1) Siehe Forum Wissenschaft 25, 2 (2008): 29-31.

2) Siehe. z.B. SZ v. 14.11.2017.

3) Siehe die PM der Landtagsfraktion von Bündnis 90/Die Grünen v. 04.04.2018 sowie die PM 08/2018 der GEW Bayern.

4) Quelle: Statistisches Bundesamt, Fachserie 11, Reihe 4.4: Personal an Hochschulen; eigene Berechnungen.

5) Nach dem Bundesbericht Wissenschaftlicher Nachwuchs (BuWiN) 2017 sind 93% der hauptberuflich an Hochschulen tätigen Wissenschaftler*innen unter 45 Jahren und ohne Professur befristet beschäftigt. Für Bayern lässt sich das exemplarisch am Rückbau der Dozent*innen- und Assistent*innen-Stellen im Beamtenverhältnis zeigen. Bei diesen ist ein Rückgang von 3.145 im Jahr 2003 auf nurmehr 879 im Jahr 2016 zu beobachten (Quelle: Statistisches Bundesamt, Fachserie 11, Reihe 4.4: Personal an Hochschulen).

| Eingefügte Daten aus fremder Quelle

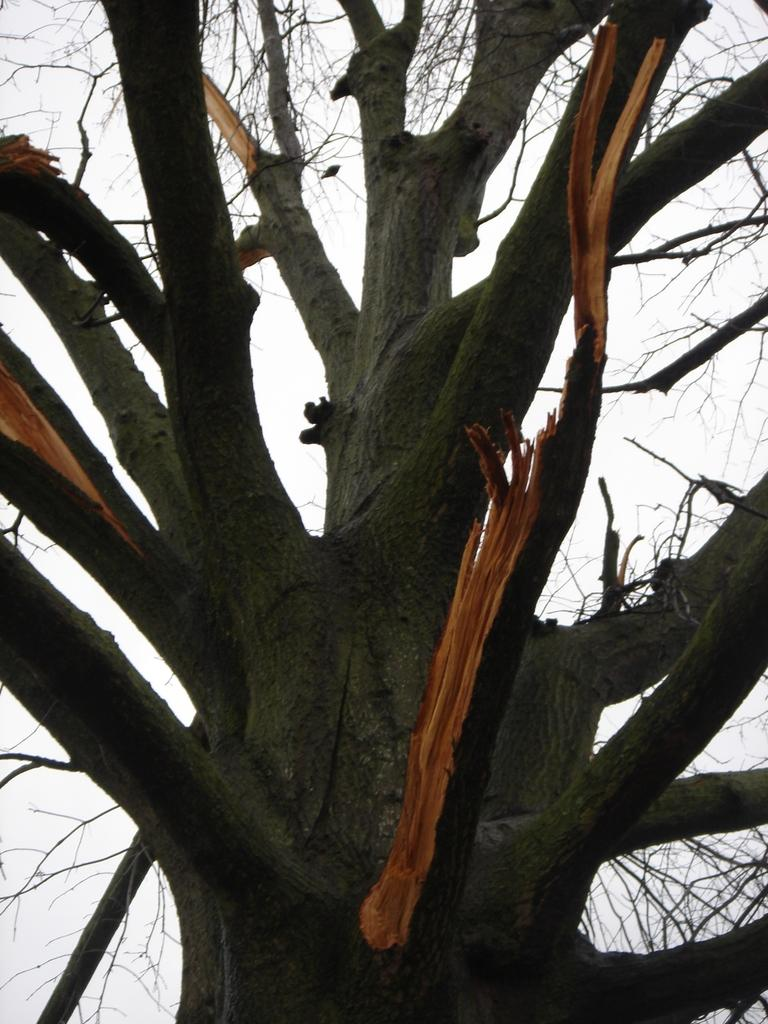What is the main subject of the picture? The main subject of the picture is a tree trunk. What features can be observed on the tree trunk? The tree trunk has branches. What can be seen in the background of the picture? The sky is visible in the background of the picture. What type of baseball example can be seen in the picture? There is no baseball or example present in the picture; it features a tree trunk with branches. How is the waste being managed in the picture? There is no waste management depicted in the picture, as it focuses on a tree trunk and the sky. 
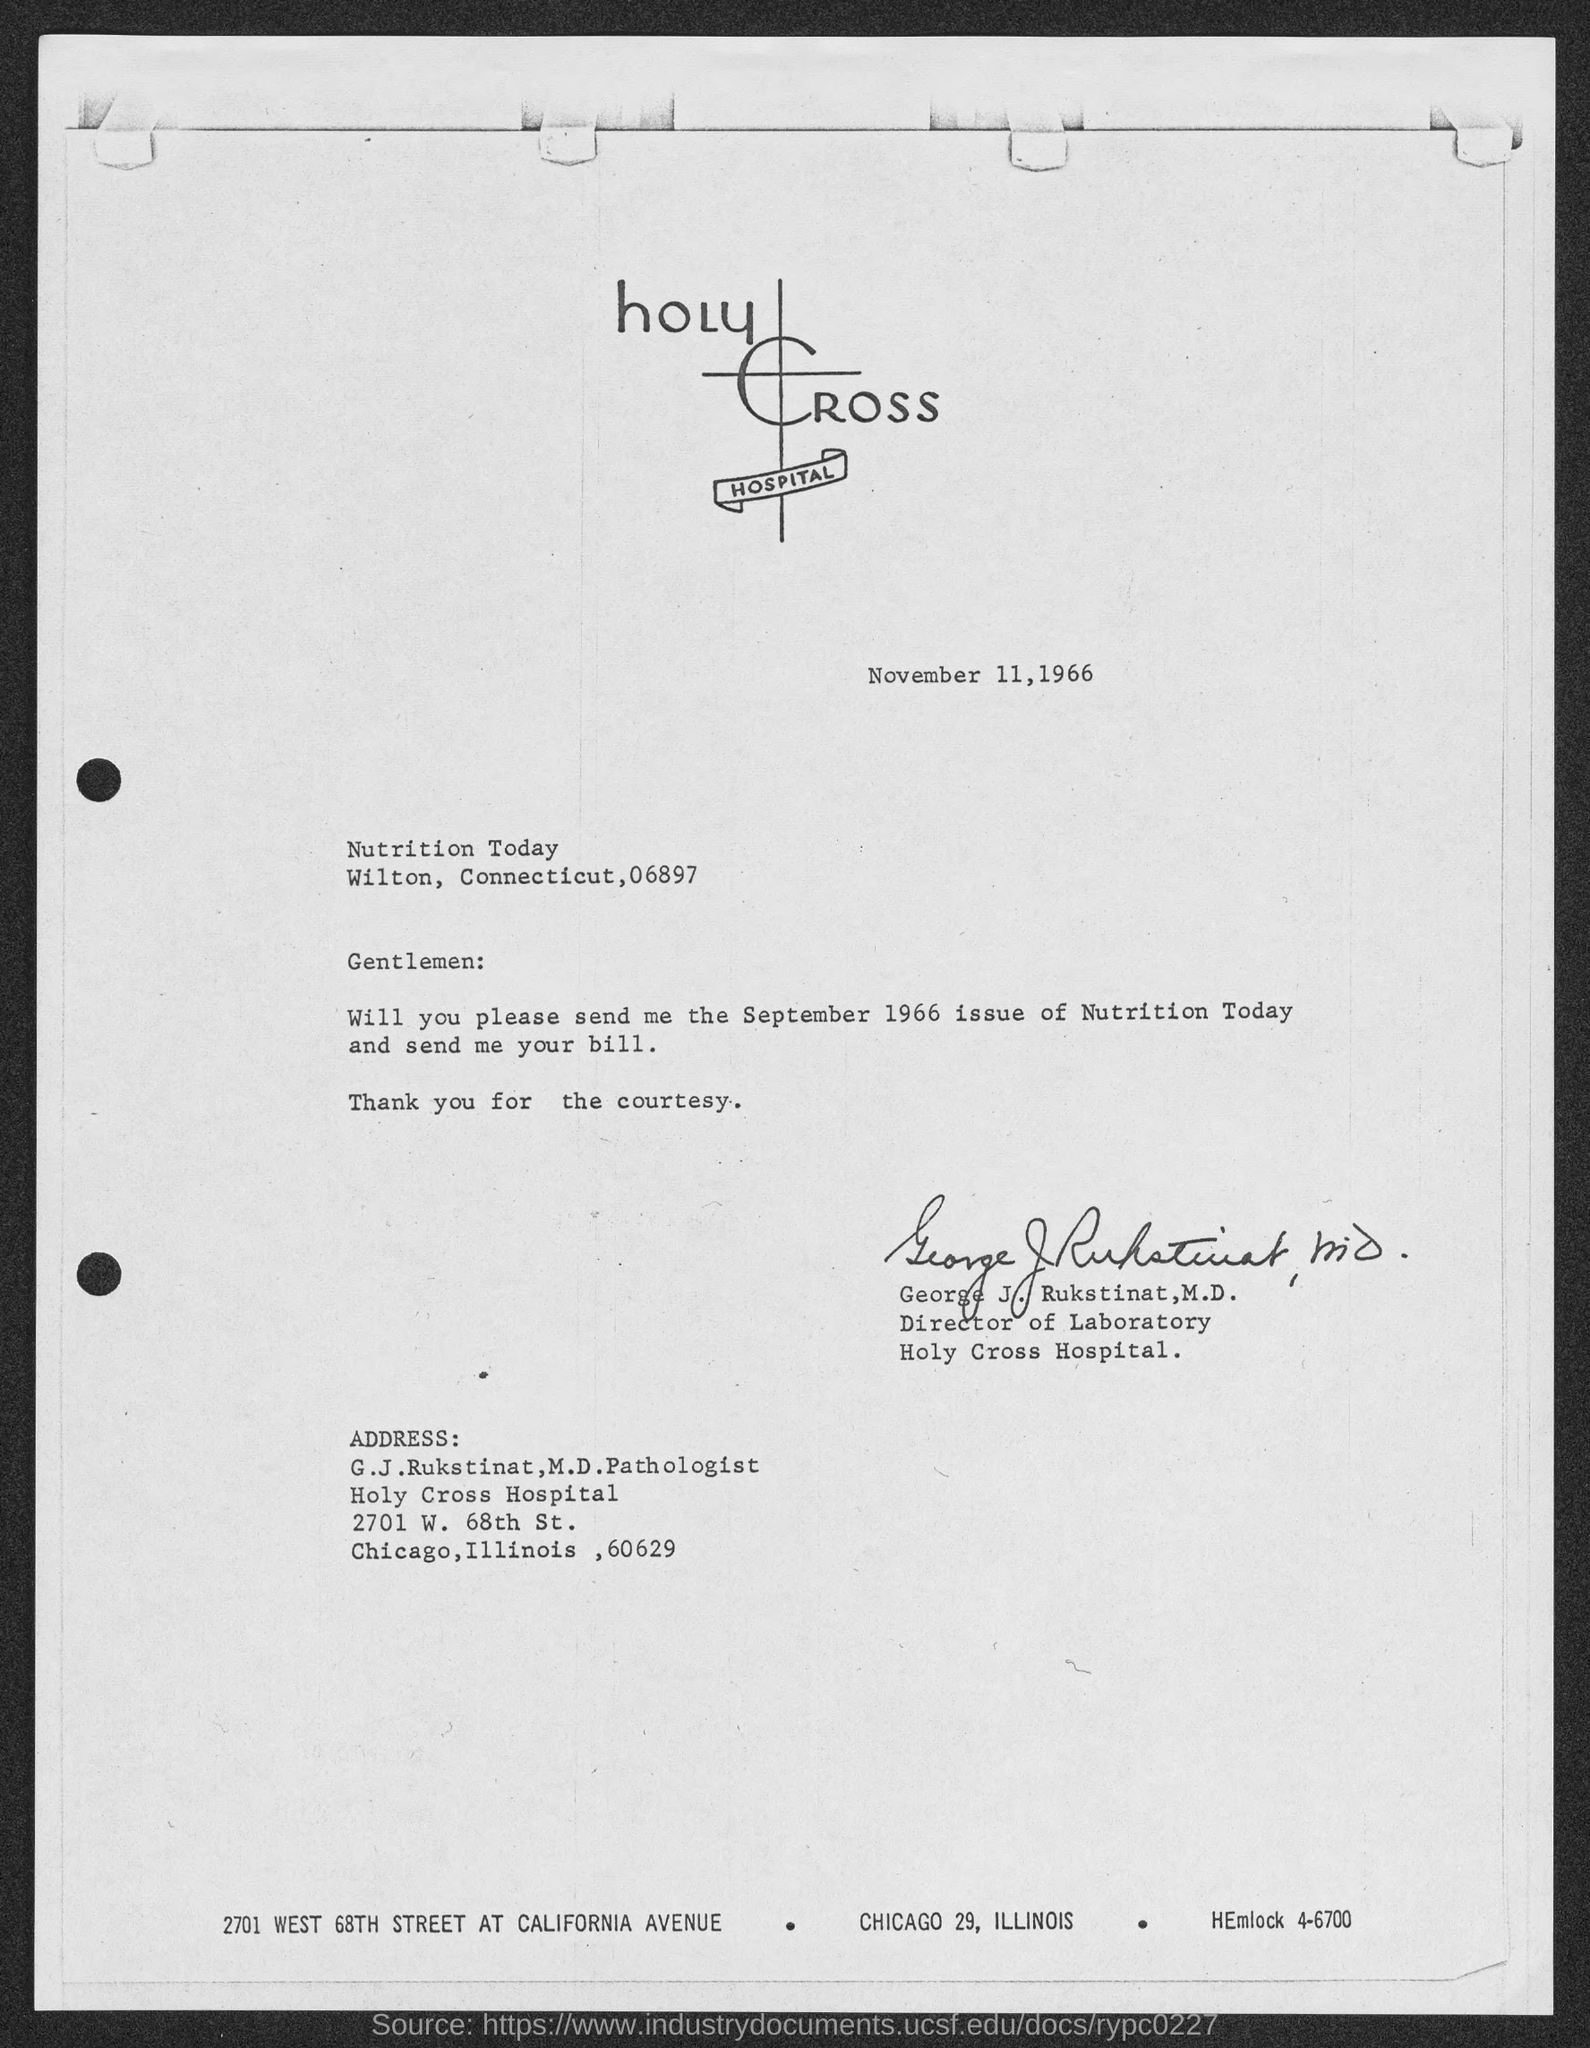Specify some key components in this picture. The date mentioned at the top of the document is November 11, 1966.

6) Quelle: Statistisches Bundesamt, Fachserie 11, Reihe 4.4: Personal an Hochschulen.

7) Quelle: Statistisches Bundesamt, Fachserie 11, Reihe 4.4: Personal an Hochschulen.

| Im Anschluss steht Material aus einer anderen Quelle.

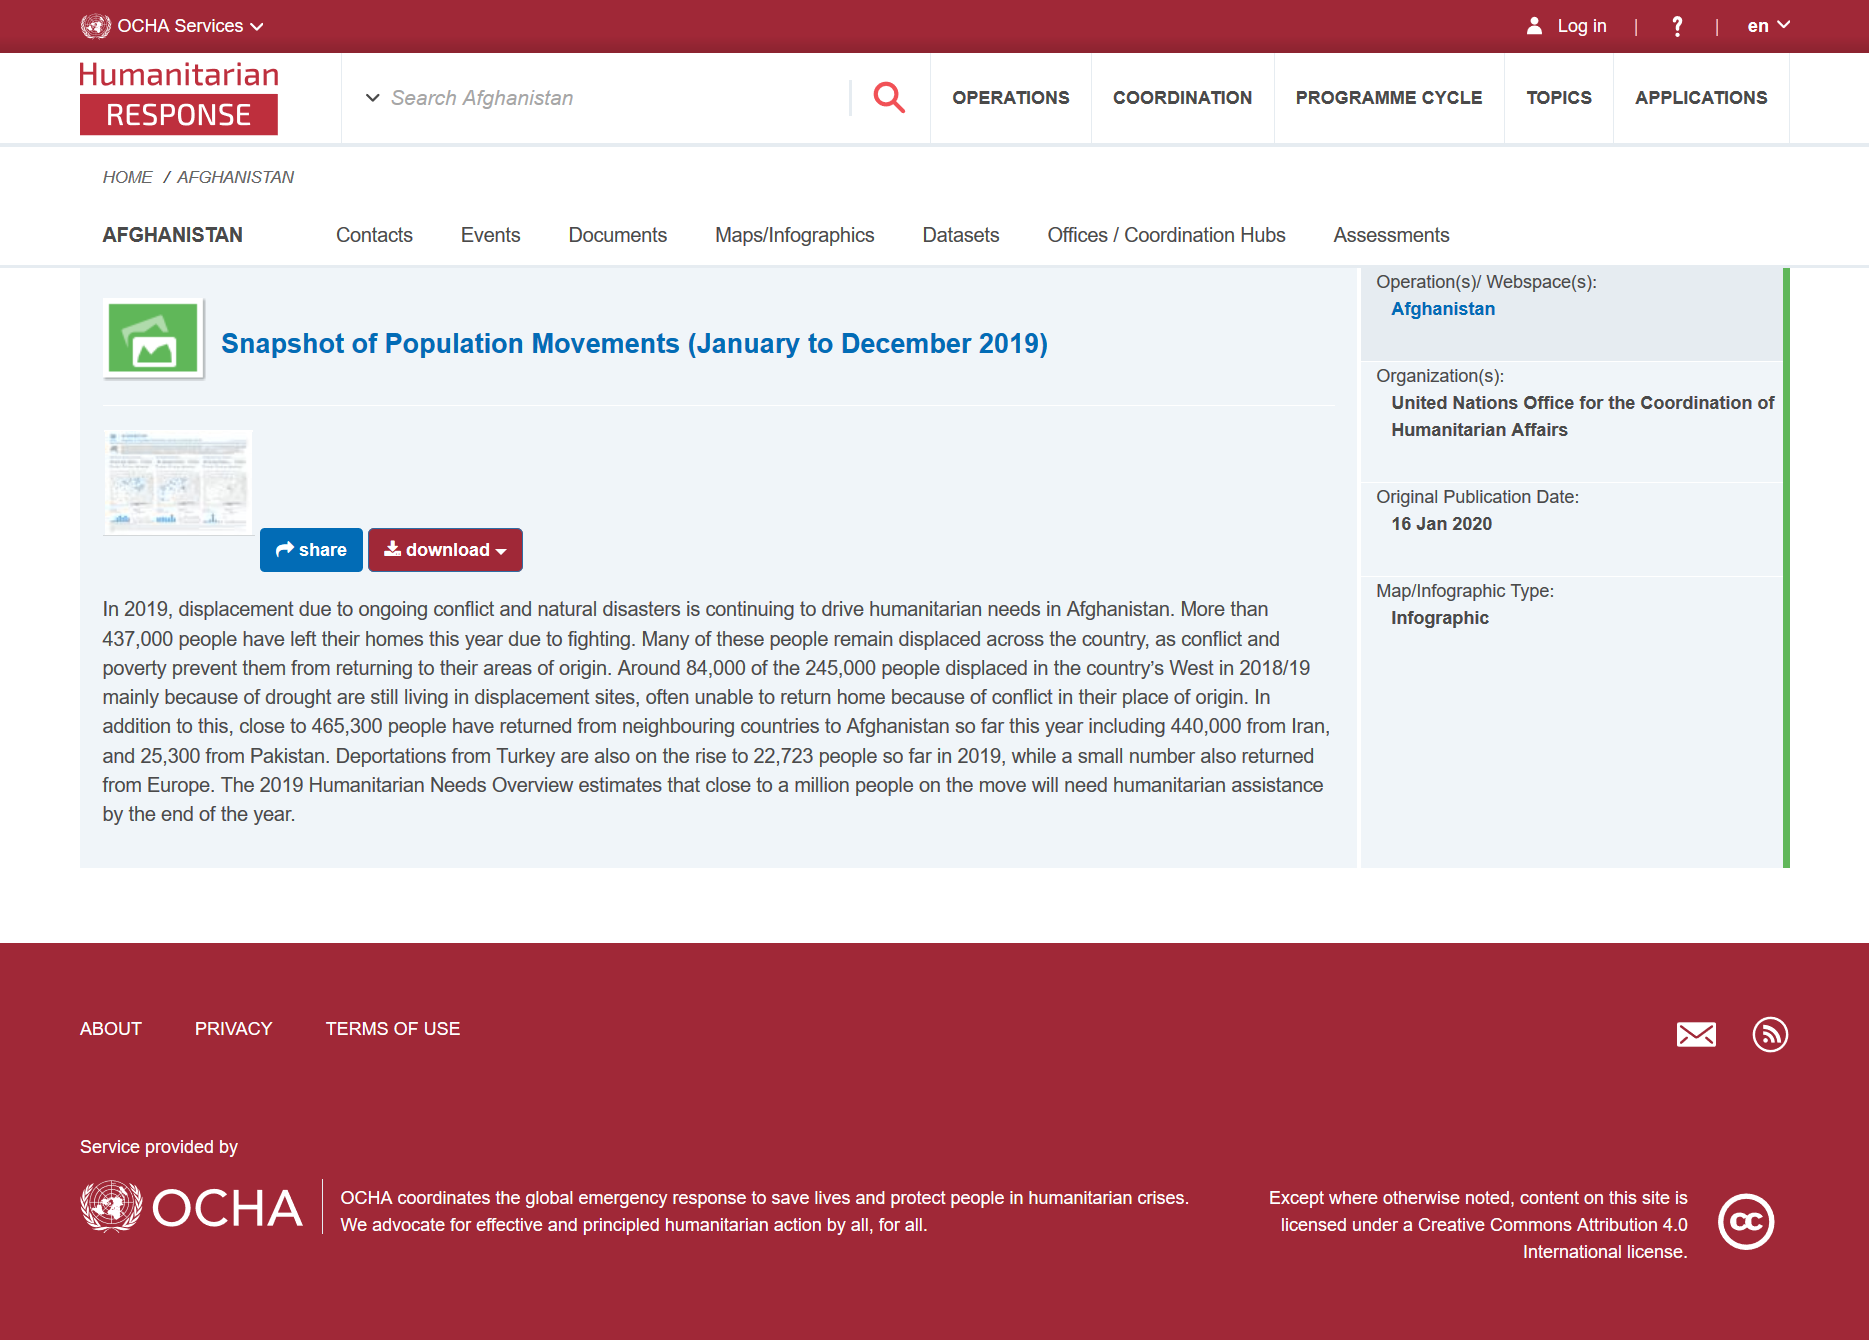Draw attention to some important aspects in this diagram. The statistics provided were recorded for the year 2019. In Afghanistan, a large number of people, exceeding 437,000, were forced to leave their homes due to the ongoing fighting. This snapshot can be downloaded and shared.

8) Ausgegangen wird dabei von der Tätigkeit einer LfbA mit einem Lehrdeputat von 18 SWS und einer jährlichen Unterrichtszeit von 30 Wochen, also einer jährlichen Gesamtunterrichtszeit von 540 Unterrichtsstunden. Desweiteren wird das Einstiegsgehalt einer LfbA in der Entgeltgruppe TV-L E13, Stufe 1 zu Grunde gelegt. Aus dem Arbeitgeberbruttoentgelt von ca. 4.400 Euro ergibt sich so ein Unterrichtsstundenentgelt von etwa 100 Euro (4.400 Euro / 45 Unterrichtsstunden = 97,78 Euro).

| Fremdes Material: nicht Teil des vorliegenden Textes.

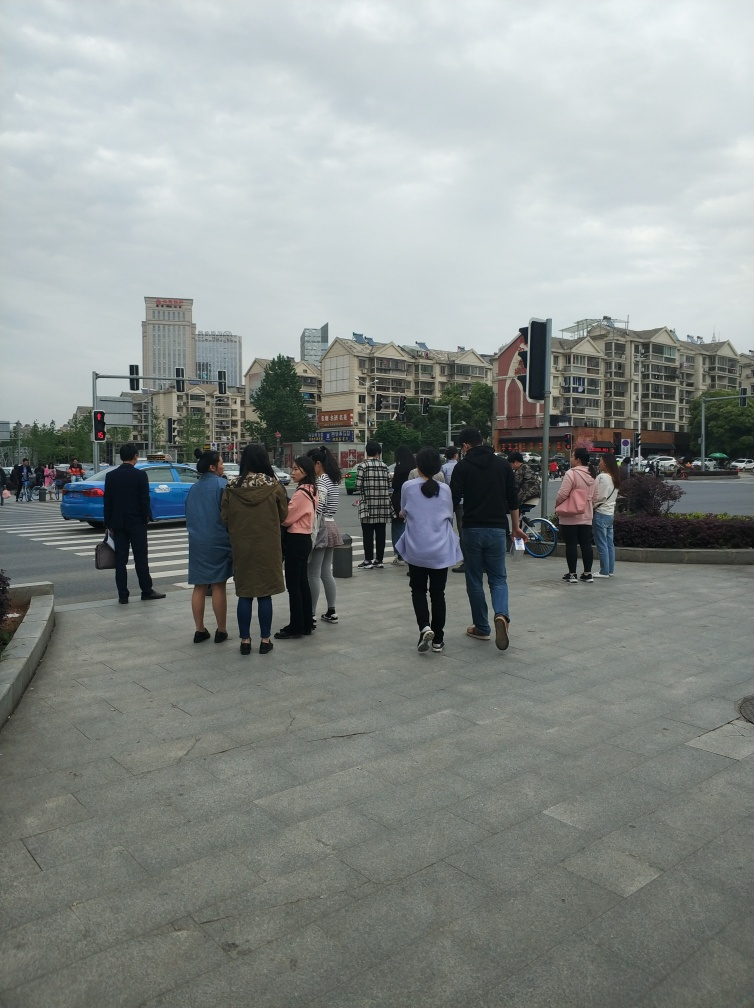What are the dominant colors in this photograph? The dominant colors in the photo are muted tones of gray and blue, particularly due to the overcast sky and the urban setting, interspersed with the colors from people's clothing and some building facades.

9) Dies gilt für den vereinfachten Fall, dass auf eine*n Lehrbeauftragte*n je ein Lehrauftrag kommt.

10) Selbst von den 1,5 Mrd. Euro, die Bayern 2018 in die Schuldentilgung steckt, wären es nur etwa drei Prozent.

11) Siehe Strategien für die Hochschullehre. Halle a. d. Saale 2017.

Eduard Meusel, promovierter Indogermanist und Klassischer Philologe, arbeitet aktuell als wissenschaftlicher Mitarbeiter an der Bayerischen Akademie der Wissenschaften und ist Sprecher der Landesfachgruppe Hochschule und Forschung der GEW Bayern. Zur prekären Situation der Lehrbeauftragten sprach er vergangenes Jahr als Sachverständiger vor dem Wissenschaftsausschuss des Bayerischen Landtags.